Chapter 5 questions

Use this topic for any question about Chapter 5 of the course.

Please correct me if I’m wrong.

A DataSet object can be thought of as some tabular data, whose rows and columns are examples and features respectively. The length of a DataSet object is the number of examples, which equals to the number of its rows. Each column corresponds to one feature.

Given this understanding of DataSet, I found the following descriptions in chapter 5 are confusing (in other words incorrect?).

… here those 1,000 examples gave 1,463 new features, resulting in a shape error.

1,463 is the number of rows (i.e. examples) of the newly added columns (i.e. features) such as attention_mask, input_ids, etc.

We can check that our new dataset has many more features than the original dataset by comparing the lengths:

len(tokenized_dataset[“train”]), len(drug_dataset[“train”])

(206772, 138514)

Obviously the above two numbers are the numbers of rows, i.e. the numbers of examples, not the number of columns (features). The number of features in this case is 4. Specifically, these 4 features are

attention_mask
input_ids
overflow_to_sample_mapping

and

token_type_ids

1 Like

Hey @ducatyb, your understanding is indeed correct: rows are examples, and columns are features.

We sometimes use “examples” and “features” interchangeably, but I agree this is confusing. I’ll improve the wording to make this clear - thank you for the feedback!

2 Likes

Thanks for clarifying!

In the section Creating your own dataset I got an import error when trying this code

from huggingface_hub import list_datasets

all_datasets = list_datasets()
print(f"Number of datasets on Hub: {len(all_datasets)}")
print(all_datasets[0])

Perhaps the package name should’ve been datasets instead of huggingface_hub ?

My bad. I was using an older version of huggingface_hub. The import error has gone after I installed the latest version, i.e. version 0.2.1

1 Like

The course is my first experience with HF, I’m totally wowed. Thanks for the great course and great tools!

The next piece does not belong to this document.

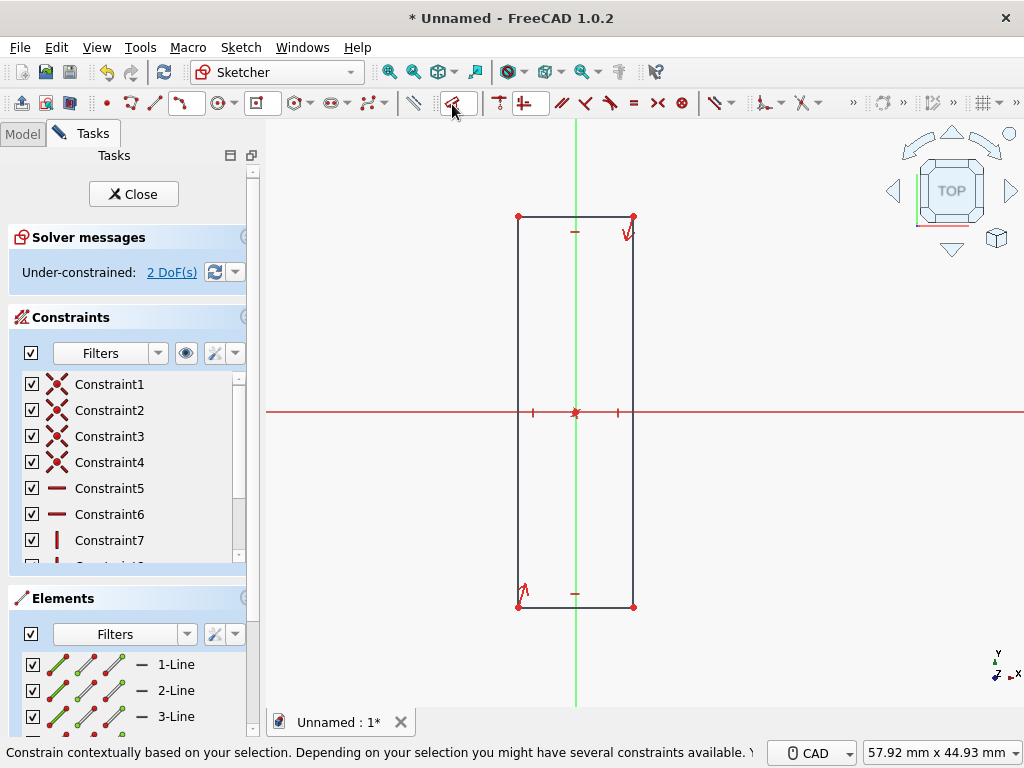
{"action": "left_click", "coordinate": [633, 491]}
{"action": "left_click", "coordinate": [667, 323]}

For question in the end of chapter quiz for chapter 5, the grading system shows the correct answer as dataset.shuffle().select(range(len(50)).

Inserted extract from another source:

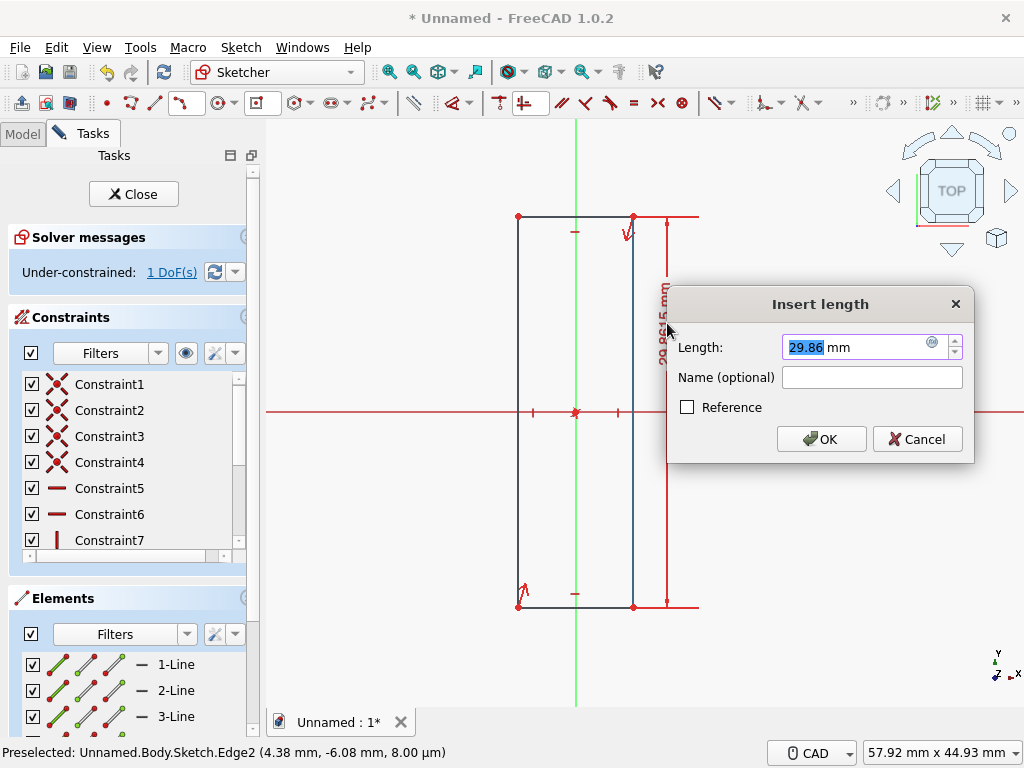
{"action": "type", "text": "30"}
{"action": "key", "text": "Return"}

I think you don’t mean to have the len in there, and it would instead be dataset.shuffle().select(range(50)).

Hi @dansbecker thank you for the kind words!

You’re totally right about the quiz - that’s a bug which I’ll fix right away :slight_smile:

1 Like

I disagree with that analysis. Here we are in a situation where we create several training samples from one example by applying some preprocessing, which is generally called feature extraction. In tabular data feature extraction often means adding new columns to the dataset (although it sometimes means removing some), which leads to people often calling the columns features. Here in this example, it means adding more rows, wo calling the rows the features makes perfect sense to me.

We could however add a remark to explain this :slight_smile:

In HF Chapter 5, “Time to slice and dice”: The 🤗 Datasets library - Hugging Face Course

I observe

new_drug_dataset = drug_dataset.map(
      lambda x: {"review": html.unescape(x["review"])},
      batched=True)

to work slightly better than the used

new_drug_dataset = drug_dataset.map(
      lambda x: {"review": [html.unescape(o) for o in x["review"]]},
      batched=True
)

Results:

Hey @satpalsr that’s an interesting result, but I think you’ll find that html.unescape() won’t actually unescape the HTML characters in your first example because it expects a string, not a list of strings.

You can check the outputs by inspecting the first element of the train split in both cases :slight_smile:

1 Like

Hi! I have an issue when saving the dataset:

drug_dataset_clean.save_to_disk("drug-reviews")

A TypeError has been raised.
I’ve tried another dataset with the type Dataset (freq_dataset in the tutorial, for example), and it works. So maybe the problem is the data type of drug_dataset_clean.

I think there is a mistake in the ‘Creating your own dataset’ section:

issues_with_comments_dataset = issues_dataset.map(
    lambda x: {"comments": get_comments(x["number"])}
)

It will raise a TypeError because the data type of x[‘number’] is numpy.int64 instead of int, and the former could not be used as an index. So

issues_with_comments_dataset = issues_dataset.map(
    lambda x: {"comments": get_comments(int(x["number"]))}
)

will work.

Hi @DoyyingFace, thank you for reporting this error! Unfortunately, I am not able to reproduce the error using the code in the chapter’s Colab. Perhaps you missed a cell that needed executing or are using an old version of datasets? If the problem remains, can you share a copy of the notebook that you’re running?

Hi @DoyyingFace thank you for raising this error. Unfortunately I am not able to reproduce it using the Colab notebook provided with the chapter. Perhaps you are using an old version of datasets? If the problem persists, can you please share the notebook you are getting the error in?

Hi! I ran the notebook attached in the tutorial and it worked as you said (for both replies I made here). So maybe there is something wrong with my notebook, and I might check my version. Thanks for your help!
BTW, what is about the old version of datasets?